List and organize what knowledge and preparation are necessary for the development and verification before starting the development. This can be based on your imagination. Of course, to-dos will be updated in the process of skill learning and development in line with the list, so update the list accordingly. Anyway, it is important to grasp the big picture of the development and visualize your progress.

Prioritizing To-dos

It is necessary to prioritize to-dos: for example, when you come up with what you have to do while proceeding with to-dos, consider the importance for completion, and add it to the list, and do other things if it does not have to be completed right now, like make the code appear clean. It is often the case especially in developments to modify cod made by others such as OSS contributions that the developer reuses an existing code because existing codes are often written cleanly using a library structure. However, if it takes much time, it will be wag-the-dog. Cleaning the code can be done in the last stage, so put top priority on the completion of an operable code such as “Firstly create the container and then the content” and “Create tentative global variables and exchange values with them.”

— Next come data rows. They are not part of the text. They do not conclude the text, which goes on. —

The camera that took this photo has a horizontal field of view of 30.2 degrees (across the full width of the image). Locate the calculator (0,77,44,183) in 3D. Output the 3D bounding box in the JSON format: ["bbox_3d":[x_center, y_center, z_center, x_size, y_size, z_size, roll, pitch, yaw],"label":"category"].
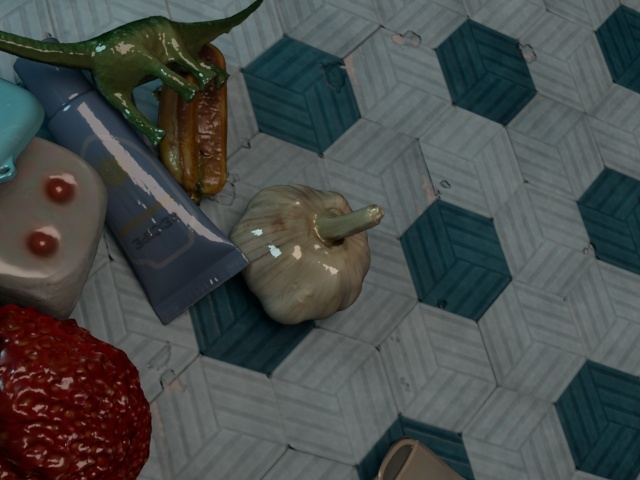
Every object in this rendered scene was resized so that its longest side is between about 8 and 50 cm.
[{"bbox_3d":[-0.477,-0.108,1.289,0.386,0.054,0.256,14,53,26],"label":"calculator"}]

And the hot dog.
[{"bbox_3d":[-0.177,-0.160,1.603,0.104,0.076,0.250,16,64,-42],"label":"hot dog"}]

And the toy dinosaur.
[{"bbox_3d":[-0.274,-0.265,1.507,0.300,0.087,0.447,37,45,2],"label":"toy dinosaur"}]

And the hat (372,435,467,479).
[{"bbox_3d":[0.126,0.374,1.521,0.219,0.164,0.226,33,17,14],"label":"hat"}]

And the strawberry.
[{"bbox_3d":[-0.295,0.208,1.279,0.257,0.261,0.261,17,62,-15],"label":"strawberry"}]

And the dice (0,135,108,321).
[{"bbox_3d":[-0.363,-0.006,1.365,0.193,0.194,0.192,20,60,-20],"label":"dice"}]

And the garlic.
[{"bbox_3d":[0.000,0.000,1.532,0.199,0.226,0.199,12,65,-28],"label":"garlic"}]

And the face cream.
[{"bbox_3d":[-0.256,-0.087,1.518,0.135,0.086,0.385,-36,88,1],"label":"face cream"}]

Actively Sharing Questions

In my opinion, this is the most important point. If you have any questions, ask it in a place where there are the most people. This has the following benefits:

  • Not only members but also other people may answer your question,
  • Even basic questions can provide knowledge to other members

When asking a question, avoid just asking for advice but think for about 15 minutes by yourself, share your hypothesis, and ask whether the hypothesis is correct, which organizes your thoughts and makes the discussion very constructive. Anyway, it is important not to hesitate to ask questions even if you feel them too trivial.

Conclusion

I had never experienced such a quick development to complete the whole process from the learning of technologies to the creation of a roadmap, design, implementation, and verification in one month, but the time flew by really quickly and it was a fulfilling experience. In addition, I had very valuable experiences: for example, knowing the modification to contribute to the open-source routing platform as a team, etc. I also heard about useful technologies for future research and development through discussion with the team members during the resting time, etc. Let me also express my gratitude to the members of the network development team who guided and discussed with me, especially Mr. Shirokura, who assisted me in various processes such as the explanation of the ecosystem surrounding FRR and the creation of the roadmap.